We've taken a couple of trips over the past few months. It's been nice to spend time with family and friends and get away.

The past few weeks have been a baby/pregnancy boom amongst our friends. It's been really hard for me and I really hate it that my friends' happiness makes me so sad.

I just want it to be our turn. I want to know when/if this is going to happen for us.

Wednesday, July 6, 2011

Today is our 4th wedding anniversary

I am thrilled to be married to such an amazing man. Though we have certainly had a rough year, I am very proud to say that we are stronger today than ever. We have turned to each other during our darkest times and worked incredibly hard to make it through this together. We are not perfect. We still have our rough moments and our hard days but under it all we are a team.

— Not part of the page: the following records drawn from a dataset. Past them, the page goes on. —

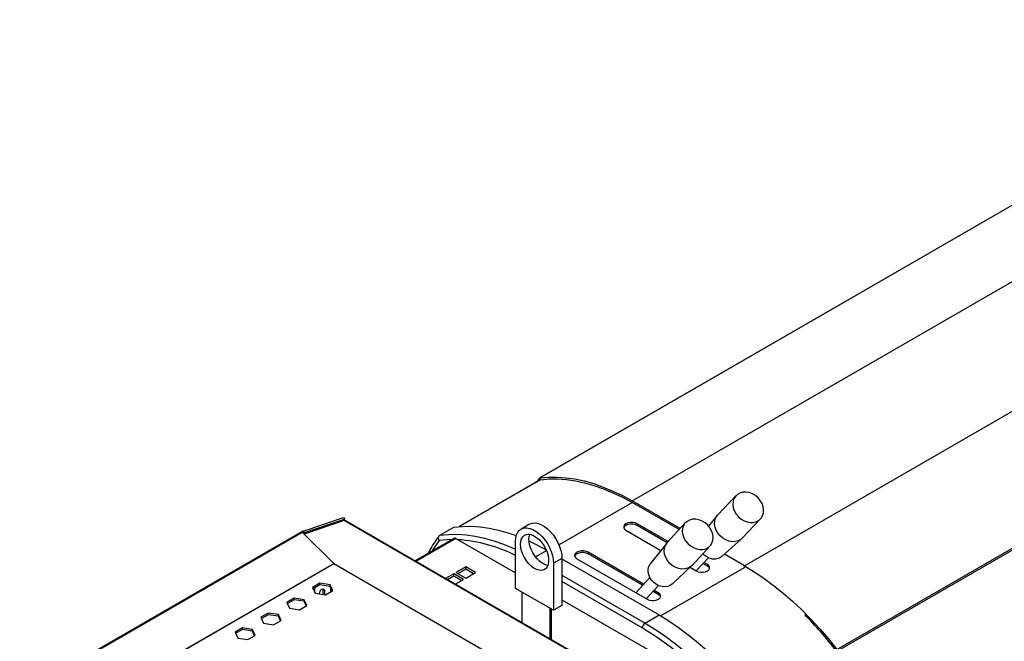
# Model space of a CAD drawing. Header units: millimetres. Extents: x 22 to 1954, y -1449 to 528.
# Tile 9 of 16: x 784 to 1280, y -681 to -368. Entities that reach past the tile are written whole.
import ezdxf

# ---------------------------------------------------------------- set-up
doc = ezdxf.new("R2010")
doc.units = ezdxf.units.MM

msp = doc.modelspace()

# ---------------------------------------------------------------- linework, layer by layer
at = {"color": 7, "linetype": 'Continuous', "lineweight": 25}
for p, q in [((1445.02, -368.54), (1045.5, -599.17)), ((1445.28, -368.45), (1045.76, -599.09)), ((1092.21, -610.67), (1462.38, -396.98)), ((1148.78, -643.33), (1518.95, -429.63)), ((1195.23, -685.38), (1594.75, -454.74)), ((1595.21, -455.54), (1195.69, -686.17)), ((1045.3, -599.35), (1043.99, -601.13)), ((1045.95, -600), (1005.15, -623.55)), ((1144.48, -608), (1135.27, -617.66)), ((1092.21, -611.49), (1092.21, -610.67)), ((1116.3, -624.58), (1092.21, -610.67)), ((1115.81, -625.11), (1092.21, -611.49)), ((926.57, -625.83), (946.77, -619.03)), ((946.77, -619.03), (947.38, -619.79)), ((1135, -617.97), (1130.64, -623.29)), ((1147.58, -629.39), (1156.79, -619.73)), ((945.23, -620.85), (927.11, -626.94)), ((927.18, -626.59), (947.38, -619.79)), ((927.68, -626.98), (945.8, -620.89)), ((946.43, -620.67), (945.8, -620.89)), ((945.91, -620.85), (946.01, -620.48)), ((946.01, -620.48), (946.89, -620.19)), ((946.01, -620.48), (946.43, -620.67)), ((1107.35, -712.72), (947.01, -620.15)), ((947.38, -619.79), (947.09, -620.2)), ((995.38, -627.94), (1002.45, -623.86)), ((1040.53, -622.36), (1036.29, -624.81)), ((1110.24, -631.13), (1094.73, -622.18)), ((1094.73, -622.18), (1094.73, -622.99)), ((1109.75, -631.67), (1094.73, -622.99)), ((1118.96, -621.7), (1109.87, -631.54)), ((926.19, -625.99), (783.79, -708.19)), ((786.34, -707.04), (926.02, -626.41)), ((941.9, -642.1), (926.02, -626.41)), ((926.57, -625.83), (927.18, -626.59)), ((926.63, -627.01), (926.64, -627)), ((927.05, -627.19), (926.64, -627)), ((927.68, -626.98), (927.05, -627.19)), ((1002.66, -629.43), (982.87, -640.85)), ((1003.41, -629.51), (1033.49, -646.87)), ((1089.07, -625.44), (1106.63, -635.58)), ((1033.49, -654.67), (1033.49, -630.99)), ((1109.6, -631.85), (1101.28, -642.32)), ((1122.35, -643.07), (1131.44, -633.24)), ((1137.38, -638.62), (1147.28, -629.68)), ((1056.83, -639.56), (1052.58, -642.01)), ((1056.83, -639.56), (1056.83, -663.24)), ((1097.9, -652.58), (1069.98, -636.46)), ((1069.98, -636.46), (1069.98, -637.28)), ((1097.41, -653.12), (1069.98, -637.28)), ((1124.34, -645.8), (1130.57, -639.26)), ((1148.78, -643.33), (1138.65, -637.48)), ((836.45, -702.98), (941.9, -642.1)), ((836.65, -703.01), (942.01, -642.19)), ((942.01, -642.19), (1040.97, -699.31)), ((1008.36, -643.79), (1003.41, -646.65)), ((1013.3, -646.65), (1008.36, -643.79)), ((1008.36, -645.02), (1008.36, -643.79)), ((1052.58, -642.01), (1052.58, -665.69)), ((1056.83, -639.81), (1105.76, -668.06)), ((1064.32, -639.73), (1099.68, -660.14)), ((1112.27, -652.49), (1122.06, -643.37)), ((1121.32, -644.06), (1124.43, -645.85)), ((1130.08, -643.4), (1127.85, -642.11)), ((1130.08, -642.59), (1128.35, -641.59)), ((1130.08, -642.59), (1130.08, -643.4)), ((1002.34, -647.26), (998.16, -649.68)), ((1002.34, -648.49), (999.22, -650.29)), ((1007.29, -650.12), (1002.34, -647.26)), ((1002.34, -648.49), (1002.34, -647.26)), ((1006.23, -650.73), (1002.34, -648.49)), ((1003.41, -646.65), (1008.36, -649.51)), ((1008.36, -645.02), (1004.47, -647.26)), ((1012.24, -647.26), (1008.36, -645.02)), ((1008.36, -649.51), (1013.3, -646.65)), ((1101.07, -649.16), (1093.97, -656.84)), ((934.98, -652.06), (931.26, -654.21)), ((931.26, -654.21), (932.62, -657.14)), ((934.98, -652.88), (931.56, -654.85)), ((932.45, -656.76), (932.45, -654.34)), ((940.05, -652.85), (934.98, -652.06)), ((934.98, -652.88), (934.98, -652.06)), ((940.05, -653.66), (934.98, -652.88)), ((941.41, -655.78), (940.05, -652.85)), ((940.05, -653.66), (940.05, -652.85)), ((941.11, -655.95), (940.05, -653.66)), ((940.23, -654.04), (940.23, -656.46)), ((1003.11, -652.54), (1007.29, -650.12)), ((1099.3, -659.92), (1105.48, -653.23)), ((931.74, -655.24), (931.74, -654.75)), ((932.62, -657.14), (937.7, -657.92)), ((934.75, -657.46), (934.75, -657.23)), ((936.43, -654.92), (936.51, -655.39)), ((936.51, -655.39), (937.22, -655.8)), ((936.51, -655.39), (936.51, -657.74)), ((937.22, -655.8), (937.22, -657.85)), ((937.7, -657.92), (941.41, -655.78)), ((1052.58, -665.69), (1033.49, -654.67)), ((1036.67, -656.51), (1036.67, -671.92)), ((1105.33, -657.69), (1102.74, -656.19)), ((1105.33, -656.87), (1103.23, -655.66)), ((1105.33, -656.87), (1105.33, -657.69)), ((921.97, -659.57), (918.25, -661.72)), ((918.25, -661.72), (919.61, -664.65)), ((921.97, -660.39), (918.55, -662.36)), ((927.04, -660.36), (921.97, -659.57)), ((921.97, -660.39), (921.97, -659.57)), ((927.04, -661.17), (921.97, -660.39)), ((924.69, -665.43), (928.4, -663.29)), ((928.4, -663.29), (927.04, -660.36)), ((927.04, -661.17), (927.04, -660.36)), ((928.1, -663.46), (927.04, -661.17)), ((1056.83, -663.24), (1052.58, -665.69)), ((1056.83, -660.35), (1134.22, -705.02)), ((908.96, -667.08), (905.24, -669.23)), ((905.24, -669.23), (906.6, -672.16)), ((908.96, -667.9), (905.54, -669.87)), ((914.03, -667.87), (908.96, -667.08)), ((908.96, -667.9), (908.96, -667.08)), ((914.03, -668.69), (908.96, -667.9)), ((915.39, -670.8), (914.03, -667.87)), ((914.03, -668.69), (914.03, -667.87)), ((915.09, -670.97), (914.03, -668.69)), ((919.61, -664.65), (924.69, -665.43)), ((1050.82, -680.08), (1050.82, -664.67)), ((1051.52, -680.49), (1051.52, -665.08)), ((1098.69, -672.14), (1105.76, -668.06)), ((906.6, -672.16), (911.67, -672.94)), ((911.67, -672.94), (915.39, -670.8)), ((895.94, -674.59), (892.23, -676.74)), ((892.23, -676.74), (893.59, -679.67)), ((895.94, -675.41), (892.53, -677.38)), ((901.02, -675.38), (895.94, -674.59)), ((895.94, -675.41), (895.94, -674.59)), ((901.02, -676.2), (895.94, -675.41)), ((898.66, -680.45), (902.38, -678.31)), ((902.38, -678.31), (901.02, -675.38)), ((901.02, -676.2), (901.02, -675.38)), ((902.08, -678.48), (901.02, -676.2)), ((893.59, -679.67), (898.66, -680.45))]:
    msp.add_line(p, q, dxfattribs=at)
at = {"color": 8, "linetype": 'Continuous', "lineweight": 25}
for p, q in [((1045.85, -600.06), (1045.3, -599.35)), ((1046.11, -599.93), (1045.76, -599.09)), ((1046.21, -599.91), (1005.28, -623.54)), ((1055.3, -632.69), (1092.15, -611.42)), ((946.89, -620.19), (1107.18, -712.72)), ((926.56, -626.94), (927.18, -626.59)), ((1003.41, -629.51), (983.31, -641.11)), ((1043.46, -638.71), (1048.99, -635.52)), ((1106.46, -668.47), (1148.72, -644.08)), ((1148.78, -644.12), (1148.78, -643.33)), ((1056.83, -647.97), (1098.69, -672.14)), ((1097.27, -674.59), (1056.83, -651.24))]:
    msp.add_line(p, q, dxfattribs=at)
at = {"color": 7, "linetype": 'Continuous', "lineweight": 25, "flags": 128}
for points in [[(1045.76, -599.09), (1049.99, -598.69), (1054.35, -598.65), (1058.83, -598.96), (1063.4, -599.61), (1068.07, -600.61), (1072.81, -601.96), (1077.61, -603.64), (1082.45, -605.66), (1087.32, -608), (1092.21, -610.67)], [(1046.13, -600), (1050.33, -599.61), (1054.65, -599.56), (1059.09, -599.87), (1063.63, -600.52), (1068.26, -601.51), (1072.96, -602.84), (1077.72, -604.51), (1082.53, -606.52), (1087.36, -608.84), (1092.21, -611.49)], [(1145.7, -618.6), (1147.05, -619.76), (1148.56, -620.65), (1150.16, -621.25), (1151.78, -621.52), (1153.35, -621.46), (1154.8, -621.07), (1156.07, -620.36), (1157.1, -619.37), (1157.85, -618.14), (1158.28, -616.72), (1158.38, -615.18), (1158.14, -613.58), (1157.58, -611.99), (1156.71, -610.48), (1155.57, -609.12), (1154.22, -607.97), (1152.71, -607.08), (1151.11, -606.48), (1149.49, -606.2), (1147.92, -606.26), (1146.47, -606.66), (1145.2, -607.36), (1144.17, -608.35), (1143.42, -609.59), (1142.99, -611), (1142.89, -612.55), (1143.13, -614.15), (1143.69, -615.74), (1144.56, -617.24), (1145.7, -618.6)], [(1147.58, -629.39), (1146.86, -630.03), (1145.59, -630.73), (1144.13, -631.13), (1142.56, -631.18), (1140.94, -630.91), (1139.35, -630.31), (1137.84, -629.42), (1136.49, -628.27), (1135.35, -626.91), (1134.48, -625.4), (1133.91, -623.81), (1133.68, -622.21), (1133.78, -620.67), (1134.21, -619.25), (1134.96, -618.02), (1135.27, -617.66)], [(1002.45, -623.86), (1006.7, -623.44), (1011.09, -623.38), (1015.59, -623.67), (1020.19, -624.31), (1024.89, -625.31), (1029.66, -626.65), (1033.88, -628.11)], [(1033.49, -630.99), (1033.62, -629.25), (1034.01, -627.71), (1034.64, -626.41), (1035.5, -625.38), (1036.57, -624.66), (1037.82, -624.26), (1039.2, -624.19), (1040.69, -624.46), (1042.25, -625.06), (1043.83, -625.97), (1045.38, -627.17), (1046.87, -628.62), (1048.26, -630.29), (1049.5, -632.12), (1050.57, -634.08), (1051.43, -636.1), (1052.07, -638.13), (1052.45, -640.12), (1052.58, -642.01)], [(1040.53, -622.36), (1040.82, -622.21), (1042.06, -621.81), (1043.45, -621.74), (1044.94, -622.01), (1046.49, -622.61), (1048.07, -623.52), (1049.62, -624.72), (1051.12, -626.17), (1052.5, -627.84), (1053.75, -629.67), (1054.81, -631.63), (1055.68, -633.65), (1056.31, -635.68), (1056.7, -637.67), (1056.83, -639.56)], [(1094.73, -622.18), (1093.72, -621.75), (1092.53, -621.53), (1091.27, -621.53), (1090.08, -621.75), (1089.07, -622.18), (1088.34, -622.76), (1087.95, -623.45), (1087.95, -624.17), (1088.34, -624.86), (1089.07, -625.44)], [(1094.73, -622.99), (1093.72, -622.57), (1092.53, -622.35), (1091.27, -622.35), (1090.08, -622.57), (1089.07, -622.99), (1088.34, -623.58), (1087.96, -624.22)], [(1121.49, -633.26), (1123, -634.17), (1124.59, -634.79), (1126.22, -635.09), (1127.8, -635.06), (1129.27, -634.69), (1130.56, -634.01), (1131.61, -633.05), (1132.38, -631.84), (1132.84, -630.44), (1132.97, -628.91), (1132.76, -627.32), (1132.21, -625.73), (1131.36, -624.22), (1130.24, -622.85), (1128.9, -621.69), (1127.4, -620.77), (1125.8, -620.15), (1124.18, -619.85), (1122.6, -619.89), (1121.13, -620.25), (1119.84, -620.93), (1118.79, -621.9), (1118.01, -623.1), (1117.55, -624.5), (1117.42, -626.03), (1117.64, -627.63), (1118.18, -629.21), (1119.03, -630.72), (1120.15, -632.09), (1121.49, -633.26)], [(1035.97, -632.42), (1036.09, -630.95), (1036.47, -629.67), (1037.09, -628.65), (1037.92, -627.91), (1038.94, -627.48), (1040.1, -627.38), (1041.37, -627.6), (1042.7, -628.15), (1044.04, -629), (1045.35, -630.12), (1046.57, -631.47), (1047.67, -633), (1048.6, -634.66), (1049.32, -636.39), (1049.82, -638.12), (1050.08, -639.79), (1050.08, -641.34), (1049.82, -642.72), (1049.32, -643.87), (1048.6, -644.76), (1047.67, -645.34), (1046.57, -645.61), (1045.35, -645.55), (1044.04, -645.16), (1042.7, -644.46), (1041.37, -643.47), (1040.1, -642.23), (1038.94, -640.78), (1037.92, -639.18), (1037.09, -637.48), (1036.47, -635.74), (1036.09, -634.04), (1035.97, -632.42)], [(1040.21, -629.97), (1040.34, -628.5), (1040.63, -627.43)], [(1049.69, -643.12), (1049.59, -643.1), (1048.29, -642.71), (1046.94, -642.01), (1045.61, -641.02), (1044.34, -639.78), (1043.18, -638.33), (1042.16, -636.73), (1041.33, -635.03), (1040.72, -633.3), (1040.34, -631.59), (1040.21, -629.97)], [(1040.24, -630.76), (1044.27, -632.72), (1048.85, -635.21)], [(1122.35, -643.07), (1121.47, -643.85), (1120.18, -644.53), (1118.71, -644.89), (1117.13, -644.92), (1115.51, -644.62), (1113.91, -644), (1112.41, -643.09), (1111.07, -641.92), (1109.95, -640.56), (1109.09, -639.05), (1108.55, -637.46), (1108.34, -635.87), (1108.46, -634.34), (1108.92, -632.94), (1109.7, -631.73), (1109.87, -631.54)], [(1069.98, -636.46), (1068.97, -636.04), (1067.78, -635.82), (1066.53, -635.82), (1065.34, -636.04), (1064.32, -636.46), (1063.59, -637.05), (1063.2, -637.74), (1063.2, -638.46), (1063.59, -639.15), (1064.32, -639.73)], [(1069.98, -637.28), (1068.97, -636.86), (1067.78, -636.63), (1066.53, -636.63), (1065.34, -636.86), (1064.32, -637.28), (1063.59, -637.86), (1063.21, -638.5)], [(1137.38, -638.62), (1136.72, -639.12), (1135.5, -639.69), (1134.14, -639.95), (1132.68, -639.89), (1131.2, -639.52), (1129.77, -638.85), (1128.45, -637.92), (1127.74, -637.25)], [(1112.27, -652.49), (1111.42, -653.13), (1110.18, -653.65), (1108.8, -653.88), (1107.33, -653.79), (1105.85, -653.38), (1104.43, -652.69), (1103.12, -651.74), (1102, -650.57), (1101.11, -649.24), (1100.5, -647.81), (1100.19, -646.35), (1100.21, -644.93), (1100.54, -643.61), (1101.18, -642.46), (1101.28, -642.32)], [(1124.43, -645.85), (1125.44, -646.28), (1126.63, -646.5), (1127.88, -646.5), (1129.07, -646.28), (1130.08, -645.85), (1130.82, -645.27), (1131.21, -644.58), (1131.21, -643.86), (1130.82, -643.17), (1130.08, -642.59)], [(1131.19, -644.63), (1130.82, -643.99), (1130.08, -643.4)], [(1148.78, -643.33), (1153.67, -646.31), (1158.54, -649.59), (1163.39, -653.16), (1168.19, -657.02), (1172.93, -661.15), (1177.59, -665.53), (1182.17, -670.16), (1186.65, -675.02), (1191, -680.1), (1195.23, -685.38)], [(934.75, -657.23), (934.84, -656.63), (935.11, -656.01), (935.51, -655.47), (935.98, -655.09), (936.46, -654.92), (936.86, -655), (937.13, -655.31), (937.22, -655.8)], [(1099.68, -660.14), (1100.69, -660.56), (1101.88, -660.79), (1103.13, -660.79), (1104.32, -660.56), (1105.33, -660.14), (1106.07, -659.56), (1106.46, -658.87), (1106.46, -658.15), (1106.07, -657.46), (1105.33, -656.87)], [(1106.44, -658.92), (1106.07, -658.28), (1105.33, -657.69)], [(1105.76, -668.06), (1110.68, -671.06), (1115.59, -674.37), (1120.46, -677.97), (1125.29, -681.86), (1130.06, -686.02), (1134.76, -690.45), (1139.36, -695.12), (1143.86, -700.03), (1148.25, -705.15), (1152.5, -710.48)], [(1098.69, -672.14), (1103.61, -675.14), (1108.52, -678.45), (1113.39, -682.05), (1118.22, -685.94), (1122.99, -690.11), (1127.69, -694.53), (1132.29, -699.2), (1136.79, -704.11), (1141.17, -709.23), (1145.42, -714.56)]]:
    msp.add_lwpolyline(points, dxfattribs=at)
at = {"color": 8, "linetype": 'Continuous', "lineweight": 25, "flags": 128}
for points in [[(995.38, -627.94), (999.63, -627.52), (1004.01, -627.46), (1008.52, -627.75), (1013.12, -628.39), (1017.81, -629.39), (1022.58, -630.73), (1027.41, -632.42), (1032.29, -634.44), (1033.49, -634.99)], [(995, -630.54), (992.58, -633.95), (991.34, -635.96)], [(1001.53, -630.08), (999.16, -630.15), (995, -630.54)]]:
    msp.add_lwpolyline(points, dxfattribs=at)
at = {"color": 7, "linetype": 'Continuous', "lineweight": 25}
for centre, radius, start, end in [((1045.85, -599.77), 0.687, 97.2799, 142.7308), ((945.46, -621.58), 0.769, 64.1809, 107.9893), ((927.35, -627.66), 0.753, 63.7645, 117.7618), ((1002.97, -630.12), 0.759, 54.5761, 114.1128), ((1043.33, -802.92), 191.48, 37.6867, 44.8603), ((1100.34, -674.73), 3.07, 122.6053, 177.3949)]:
    msp.add_arc(centre, radius, start, end, dxfattribs=at)
at = {"color": 8, "linetype": 'Continuous', "lineweight": 25}
for centre, radius, start, end in [((999.45, -705.26), 75.28, 63.114, 86.1367), ((1018.8, -806.08), 153.13, 41.517, 59.1722)]:
    msp.add_arc(centre, radius, start, end, dxfattribs=at)
at = {"color": 7, "linetype": 'Continuous', "lineweight": 25}
for centre, major_axis, ratio, start_param, end_param in [((928.71, -626.15), (2.76, 0.12), 0.237519, 2.450174, 3.357745), ((928.71, -626.15), (2.59, 1.15), 0.09328, 2.162332, 2.513703), ((944.59, -641.84), (2.76, 0.12), 0.237519, 3.357745, 3.497371)]:
    msp.add_ellipse(centre, major_axis=major_axis, ratio=ratio, start_param=start_param, end_param=end_param, dxfattribs=at)
for points, knots in [([(946.89, -620.19), (946.94, -620.16), (946.99, -620.12), (947, -620.16), (947, -620.16)], [0, 0, 0, 0, 0.883939, 1, 1, 1, 1]), ([(995, -628.28), (994.64, -628.75), (993.48, -630.25), (991.7, -632.97), (990.22, -635.44), (989.55, -636.87), (989.46, -637.05)], [0, 0, 0, 0, 0.177632, 0.560524, 0.943985, 1, 1, 1, 1]), ([(995, -630.54), (994.88, -630.29), (994.66, -629.8), (994.64, -629.02), (994.84, -628.47), (995.12, -628.12), (995.29, -628), (995.38, -627.94)], [0, 0, 0, 0, 0.2528182, 0.5037743, 0.7521618, 0.8762085, 1, 1, 1, 1])]:
    msp.add_open_spline(points, degree=3, knots=knots, dxfattribs=at)

doc.saveas('drawing.dxf')

This past year was definitely not part of anything I could have imagined when we took our vows 4 years ago. While I am not at a point that I can be thankful for the positives that have come out of this, I am thankful that the man I married has exceeded every expectation I have ever had of a partner. He has been my rock this year and while I would never have wanted to go through this, I'm so glad I had him going through it with me.

When we took our vows and I promised before God to take him for better or worse and til death do us part I did not understand what worse really meant. I did not understand nor could I fathom that the death that could part us did not have to be our own. But it hasn't. We have made it through the worst and through death and we are still here. Still standing together. 4 years of marriage later and (as of tomorrow) 7 months since our world was shattered. We are putting the pieces back together. We are rebuilding. We are still here and still fighting together for our family.

In addition to my husband, 4 years ago today our family and friends stood by us and agreed with our pastor that they would stand by us, support us and love us. I don't think we or they understood just how much support and love we would need but they fulfilled that promise more than I could have ever imagined. Sure, not everyone who was there that day is still in our lives but the ones that are have amazed me in their capacity to love us.

Tomorrow I will cry but today I am counting my blessings.